Finalmente esgrimió, que la presente acción de tutela no atiende el principio de inmediatez, ya que la actora radicó la misma «en el mes de agosto de 2015, esto es, dos años y un mes después de emiti[do] el Auto de 29 de julio atacado, 9 meses después del Auto de 26 de diciembre y 6 [meses] vencidos (…) desde que [fue] emitido el Auto del 16 de febrero de 2015» (fls. 145 a 150, cdno. 1).
El agente interventor de las sociedades Rentafolio Bursátil y Financiero S.A.S., Valores Incorporados S.A.S., Compañía de Capitales S.A.S., Premium Capital Aprreciation Fund B.V. y Premium Capital Investment Advisor Ltda., luego de hacer un breve pronunciamiento frente a cada una de los reproches esgrimidos en el escrito de tutela, se opuso a la protección implorada, no sin antes indicar, que en ninguna de las decisiones cuestionadas se incurrió en causal de procedencia del amparo, y, que la tutelante «ha interpuesto a través de sus Abogados, sendas acciones de tutela alegando los mismos hechos y las mismas consideraciones de derecho», lo cual «implica un ejercicio abusivo y temerario de la acción de tutela» (fls. 246 a 257, cdno. 1).
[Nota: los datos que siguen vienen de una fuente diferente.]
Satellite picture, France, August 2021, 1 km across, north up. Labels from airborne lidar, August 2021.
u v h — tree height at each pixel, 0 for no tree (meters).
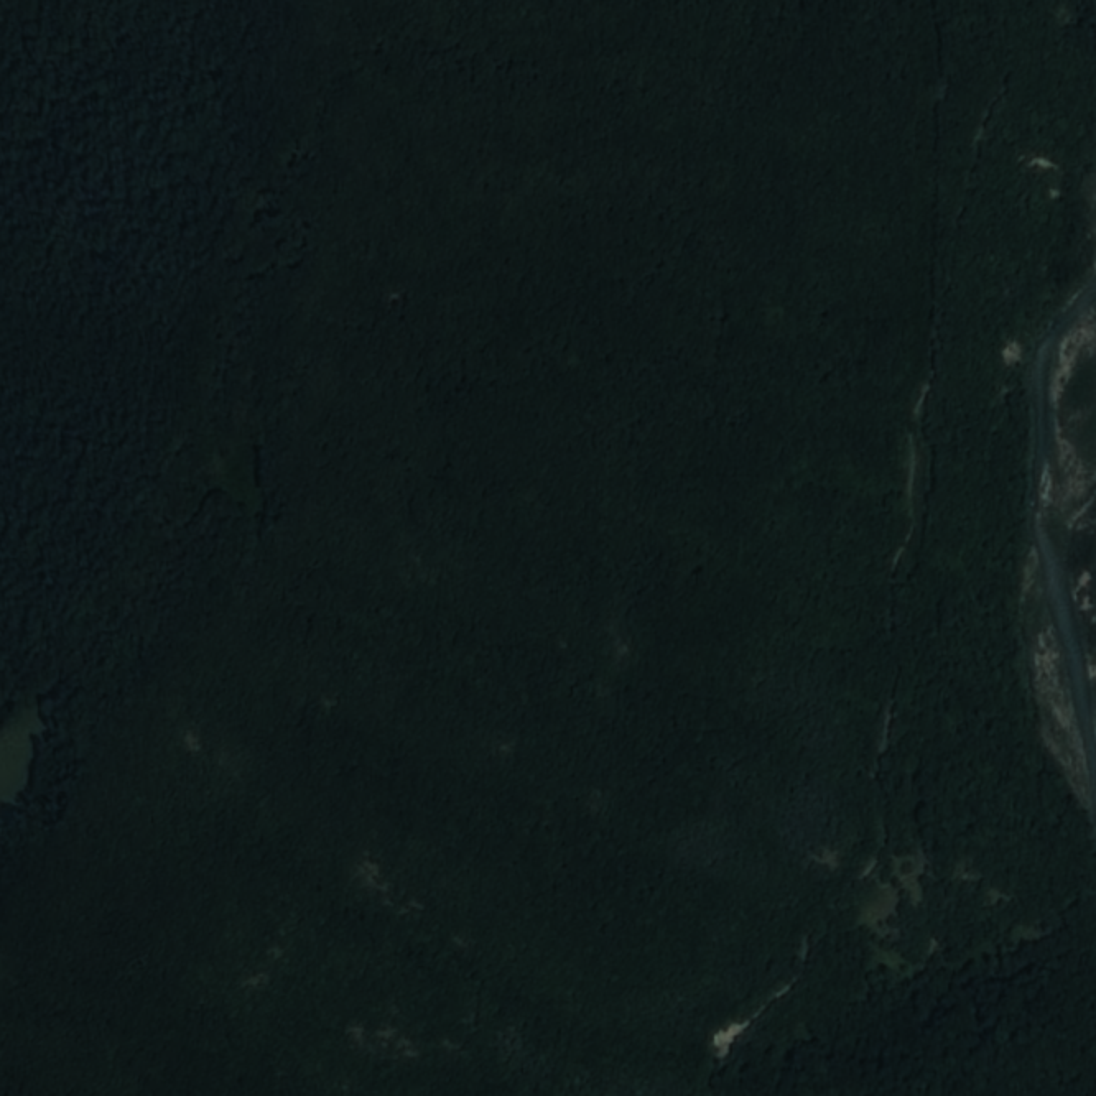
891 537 19
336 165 20
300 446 16
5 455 24
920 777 21
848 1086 31
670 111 18
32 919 19
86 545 25
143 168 25
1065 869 18
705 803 18
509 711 15
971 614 21
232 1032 14
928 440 16
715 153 20
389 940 19
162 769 13
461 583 8
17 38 21
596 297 21
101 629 23
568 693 10
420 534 5
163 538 23
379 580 17
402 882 7
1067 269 11
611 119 19
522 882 17
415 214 17
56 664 26
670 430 21
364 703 13
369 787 21
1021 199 17
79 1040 18
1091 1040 21
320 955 14
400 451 22
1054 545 0
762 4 21
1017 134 16
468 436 17
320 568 12
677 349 17
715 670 10
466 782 14
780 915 12
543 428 18
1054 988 30
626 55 20
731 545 18
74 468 26
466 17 8
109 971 23
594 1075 16
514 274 19
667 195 17
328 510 10
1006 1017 27
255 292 24
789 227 18
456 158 14
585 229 19
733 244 19
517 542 16
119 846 12
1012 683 19
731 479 23
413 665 17
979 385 15
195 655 11
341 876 12
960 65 17
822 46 17
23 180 26
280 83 19
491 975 13
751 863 11
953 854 15
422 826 12
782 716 13
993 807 22
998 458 20
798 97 21
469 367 21
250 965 8
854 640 10
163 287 27
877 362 23
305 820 10
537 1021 17
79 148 25
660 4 18
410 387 24
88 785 17
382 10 11
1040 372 0
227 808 12
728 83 22
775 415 19
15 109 23
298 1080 12
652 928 16
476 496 23
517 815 20
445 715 11
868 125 19
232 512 20
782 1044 11
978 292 16
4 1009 21
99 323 22
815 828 11
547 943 13
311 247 20
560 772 12
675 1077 17
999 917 16
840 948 19
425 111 14
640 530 14
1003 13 19
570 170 20
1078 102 16
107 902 17
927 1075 29
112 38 27
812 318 17
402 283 23
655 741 17
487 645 17
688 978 13
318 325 18
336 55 21
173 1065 18
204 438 23
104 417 30
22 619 24
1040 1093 23
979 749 20
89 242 26
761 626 10
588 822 14
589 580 11
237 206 22
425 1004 13
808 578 18
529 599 13
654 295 19
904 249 17
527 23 11
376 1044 6
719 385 24
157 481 21
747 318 21
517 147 20
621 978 15
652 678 15
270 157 20
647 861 18
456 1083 13
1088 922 22
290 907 15
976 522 18
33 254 28
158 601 25
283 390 21
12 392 22
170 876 18
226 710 12
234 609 21
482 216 20
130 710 19
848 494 10
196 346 22
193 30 26
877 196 18
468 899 12
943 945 13
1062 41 13
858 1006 17
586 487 15
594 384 23
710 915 18
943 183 16
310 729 16
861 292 18
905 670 19
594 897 15
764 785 14
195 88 27
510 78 22
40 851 16
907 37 18
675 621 12
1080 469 0
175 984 21
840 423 24

Los demás vinculados guardaron silencio, pese a haber sido notificados a través de la autoridad accionada, de la presente queja constitucional.
LA SENTENCIA IMPUGNADA
El Juez constitucional de primera instancia, después de hacer un recuento normativo acerca de la facultad interventora de la Superintendencia de Sociedades, negó el resguardo reclamado, con fundamento en que
«el trámite impartido a la actuación [debatida] es el reglamentado por el Gobierno Nacional con miras a contrarrestar las conductas y actividades de captación y recaudo de recursos en operaciones no autorizadas, lo que de suyo, descarta la violación al debido proceso, pues, la autoridad convocada, luego de surtir el trámite propio de la primera medida de intervención –toma de posesión- y de analizar la rendición de cuentas presentada por el agente interventor, consideró necesario adoptar la liquidación.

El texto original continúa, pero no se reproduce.